Results: MPO and CRP levels were significantly higher among patients with ACS [MPO 93 (54-127) vs. 9.9 pmol/l (5-21) and high sensitivity-CRP 11 (3-27) vs. 2.6 mg/l (1-5)]. Among patients with stable angina, high sensitivity-CRP levels greater than 3 mg/l were associated with a three-fold risk of further cardiovascular events during a mean follow-up period of 13+/-4 months, although there was no significant association between MPO levels and outcomes. Among patients with ACS, baseline MPO level was an independent predictor of major adverse cardiac events during hospitalization, odds ratio of 3.8 (95% confidence interval: 1.2-12) for the combined endpoint (death, recurrent angina, heart failure, and arrhythmia). CRP levels were associated with hospital mortality in patients with ACS, but were not independently related to cardiovascular events.

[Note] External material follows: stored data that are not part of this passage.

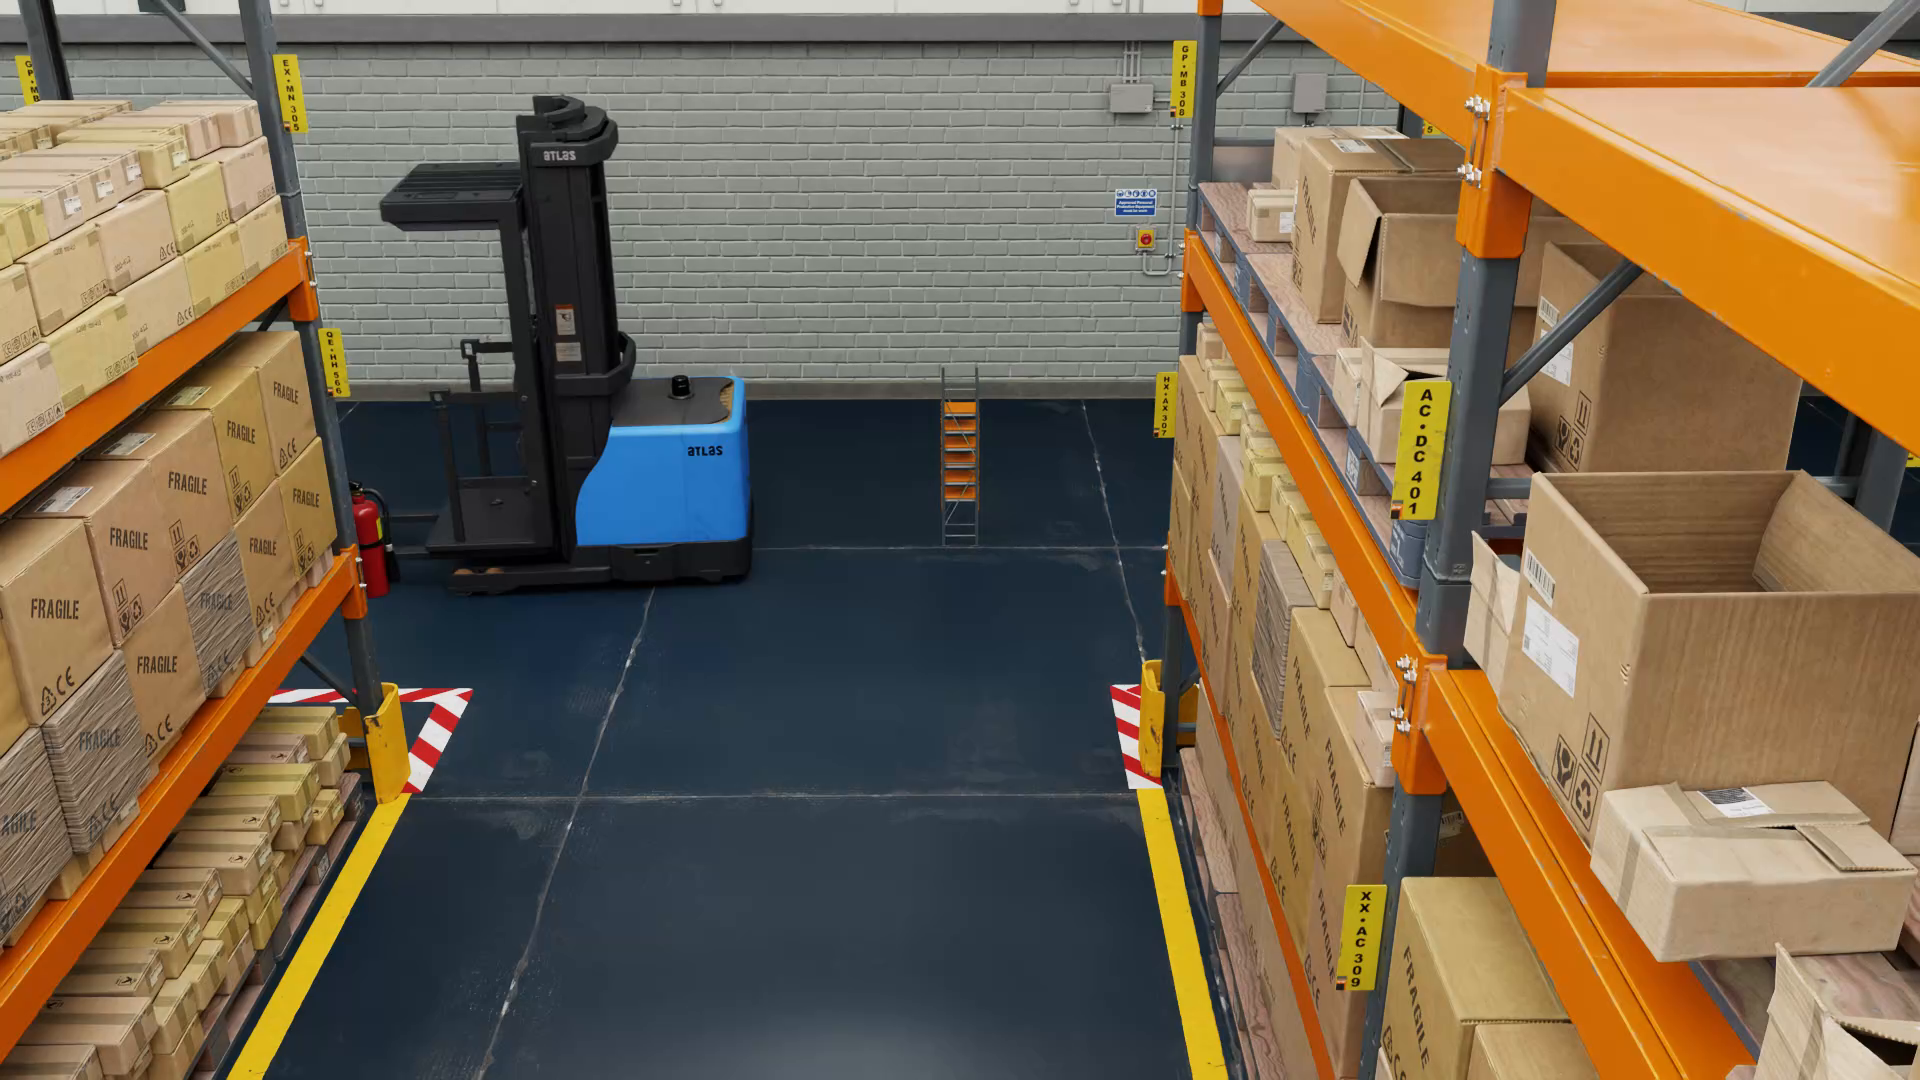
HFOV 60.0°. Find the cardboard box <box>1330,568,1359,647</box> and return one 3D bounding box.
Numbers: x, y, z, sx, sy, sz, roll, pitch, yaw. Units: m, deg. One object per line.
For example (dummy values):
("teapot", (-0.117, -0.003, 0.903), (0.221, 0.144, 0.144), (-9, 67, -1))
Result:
("cardboard box", (1.344, 0.201, 5.043), (0.380, 0.149, 0.250), (0, 24, -1))

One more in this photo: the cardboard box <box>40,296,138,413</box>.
("cardboard box", (-3.119, -0.623, 5.530), (0.500, 0.250, 0.500), (1, 24, 2))

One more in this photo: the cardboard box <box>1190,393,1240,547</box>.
("cardboard box", (1.263, -0.298, 6.933), (0.500, 0.500, 0.500), (-1, 24, -2))

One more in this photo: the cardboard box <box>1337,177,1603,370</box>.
("cardboard box", (1.526, -0.766, 4.908), (0.797, 0.503, 0.637), (2, 24, 4))

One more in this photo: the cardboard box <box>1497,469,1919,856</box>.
("cardboard box", (1.293, 0.201, 2.895), (0.500, 0.500, 0.500), (-1, 24, -2))

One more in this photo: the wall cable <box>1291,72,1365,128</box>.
("wall cable", (2.863, -3.006, 13.023), (0.588, 1.984, 0.122), (0, 24, -1))

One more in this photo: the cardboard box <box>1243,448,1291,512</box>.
("cardboard box", (1.231, -0.218, 5.971), (0.380, 0.149, 0.250), (-1, 24, -2))

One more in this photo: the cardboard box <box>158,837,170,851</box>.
("cardboard box", (-3.632, 1.258, 7.417), (0.380, 0.149, 0.250), (0, 24, 0))

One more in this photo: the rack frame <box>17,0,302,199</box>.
("rack frame", (-3.419, -2.878, 6.693), (1.000, 3.000, 0.127), (0, 24, -1))

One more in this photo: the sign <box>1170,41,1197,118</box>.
("sign", (0.975, -2.009, 7.256), (0.100, 0.325, 0.005), (0, 24, -1))

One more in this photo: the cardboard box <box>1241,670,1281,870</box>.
("cardboard box", (1.281, 0.785, 5.753), (0.500, 0.500, 0.500), (-1, 24, -1))

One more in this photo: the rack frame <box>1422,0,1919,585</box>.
("rack frame", (1.573, -1.294, 3.190), (1.000, 3.000, 0.127), (0, 24, -1))

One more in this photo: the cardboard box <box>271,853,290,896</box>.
("cardboard box", (-3.168, 1.495, 7.253), (0.380, 0.149, 0.250), (0, 24, 0))

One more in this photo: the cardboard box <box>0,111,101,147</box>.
("cardboard box", (-3.658, -1.613, 6.628), (0.380, 0.149, 0.250), (1, 24, 2))

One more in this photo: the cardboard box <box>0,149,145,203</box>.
("cardboard box", (-3.160, -1.296, 5.927), (0.380, 0.149, 0.250), (-1, 24, -2))

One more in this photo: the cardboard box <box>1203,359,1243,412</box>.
("cardboard box", (1.219, -0.642, 6.908), (0.380, 0.149, 0.250), (0, 24, 1))

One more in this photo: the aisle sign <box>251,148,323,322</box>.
("aisle sign", (-3.120, -1.360, 7.463), (0.394, 0.787, 0.004), (0, 24, -1))

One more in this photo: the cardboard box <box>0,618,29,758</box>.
("cardboard box", (-3.158, 0.466, 4.883), (0.500, 0.500, 0.500), (-1, 24, -2))

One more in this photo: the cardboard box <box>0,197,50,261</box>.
("cardboard box", (-3.119, -0.975, 5.217), (0.380, 0.149, 0.250), (-1, 24, -2))

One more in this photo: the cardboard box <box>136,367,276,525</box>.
("cardboard box", (-3.160, -0.385, 6.766), (0.500, 0.500, 0.500), (-1, 24, -2))

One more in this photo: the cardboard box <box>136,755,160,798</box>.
("cardboard box", (-3.164, 0.847, 6.042), (0.380, 0.149, 0.250), (1, 24, 1))

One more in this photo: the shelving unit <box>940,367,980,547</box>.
("shelving unit", (0.000, -0.541, 10.990), (0.258, 1.200, 0.189), (0, 24, -1))

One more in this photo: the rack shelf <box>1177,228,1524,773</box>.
("rack shelf", (1.551, -0.423, 5.779), (1.077, 0.370, 4.000), (0, 24, -1))

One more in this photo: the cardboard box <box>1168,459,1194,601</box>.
("cardboard box", (1.248, -0.055, 7.610), (0.500, 0.500, 0.500), (0, 24, -1))

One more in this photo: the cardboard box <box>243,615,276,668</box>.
("cardboard box", (-3.124, 0.414, 7.000), (0.380, 0.149, 0.250), (0, 24, 1))

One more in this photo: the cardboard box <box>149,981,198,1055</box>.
("cardboard box", (-3.110, 1.792, 6.237), (0.380, 0.149, 0.250), (0, 24, -1))

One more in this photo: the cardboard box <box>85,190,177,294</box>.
("cardboard box", (-3.150, -1.060, 5.890), (0.500, 0.250, 0.500), (0, 24, 0))

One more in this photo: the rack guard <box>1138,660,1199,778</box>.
("rack guard", (1.529, 0.921, 8.608), (1.175, 0.500, 0.348), (0, 24, -1))

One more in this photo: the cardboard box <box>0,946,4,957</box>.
("cardboard box", (-3.184, 1.284, 5.075), (0.380, 0.149, 0.250), (-1, 24, -3))

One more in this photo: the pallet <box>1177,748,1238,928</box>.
("pallet", (1.617, 1.391, 7.918), (1.003, 0.211, 1.213), (0, 24, -1))

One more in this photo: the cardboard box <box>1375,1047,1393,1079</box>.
("cardboard box", (1.296, 1.463, 3.951), (0.500, 0.250, 0.500), (-1, 24, -2))

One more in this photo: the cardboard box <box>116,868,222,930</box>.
("cardboard box", (-3.195, 1.445, 6.642), (0.380, 0.149, 0.250), (-1, 24, -2))

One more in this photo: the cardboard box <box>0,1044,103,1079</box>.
("cardboard box", (-3.193, 1.872, 5.698), (0.380, 0.149, 0.250), (-1, 24, -2))

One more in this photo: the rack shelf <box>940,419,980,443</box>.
("rack shelf", (0.000, -0.719, 10.909), (0.258, 0.103, 0.180), (0, 24, -1))

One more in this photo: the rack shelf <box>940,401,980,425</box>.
("rack shelf", (0.000, -0.828, 10.860), (0.258, 0.103, 0.180), (0, 24, -1))

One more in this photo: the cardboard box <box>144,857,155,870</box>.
("cardboard box", (-3.746, 1.496, 7.252), (0.380, 0.149, 0.250), (0, 24, 0))

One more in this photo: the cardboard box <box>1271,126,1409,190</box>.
("cardboard box", (1.624, -1.559, 6.967), (0.500, 0.250, 0.500), (-2, 24, -5))

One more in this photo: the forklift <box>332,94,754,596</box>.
("forklift", (-2.890, -1.211, 10.370), (3.031, 2.935, 1.130), (-2, 24, -5))

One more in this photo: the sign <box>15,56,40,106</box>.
("sign", (-3.962, -1.907, 7.126), (0.100, 0.325, 0.005), (0, 24, -1))

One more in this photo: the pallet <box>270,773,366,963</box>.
("pallet", (-3.445, 1.492, 7.694), (1.003, 0.211, 1.213), (0, 24, -1))

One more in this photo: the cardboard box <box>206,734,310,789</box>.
("cardboard box", (-3.215, 1.013, 7.599), (0.380, 0.149, 0.250), (0, 24, 0))

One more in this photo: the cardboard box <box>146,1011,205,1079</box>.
("cardboard box", (-3.113, 1.925, 6.303), (0.380, 0.149, 0.250), (-1, 24, -2))

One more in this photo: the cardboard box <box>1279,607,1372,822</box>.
("cardboard box", (1.294, 0.536, 5.089), (0.500, 0.500, 0.500), (-1, 24, -1))

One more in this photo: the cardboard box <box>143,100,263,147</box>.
("cardboard box", (-3.122, -1.717, 6.857), (0.380, 0.149, 0.250), (0, 24, -1))

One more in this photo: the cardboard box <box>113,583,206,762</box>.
("cardboard box", (-3.146, 0.485, 6.055), (0.500, 0.500, 0.500), (1, 24, 2))

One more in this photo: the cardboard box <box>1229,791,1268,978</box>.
("cardboard box", (1.655, 1.416, 7.078), (0.875, 0.438, 0.875), (0, 24, 1))

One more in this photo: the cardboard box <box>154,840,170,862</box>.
("cardboard box", (-3.221, 1.369, 7.172), (0.380, 0.149, 0.250), (-1, 24, -1))

Conclusion: Elevated MPO levels among the ACS patients suggest that this marker may participate in plaque vulnerability and instability process, whereas higher CRP levels were predictive of cardiac events only among the stable angina patients. These findings suggest distinct role of the inflammatory markers studied in the pathophysiology of coronary artery disease.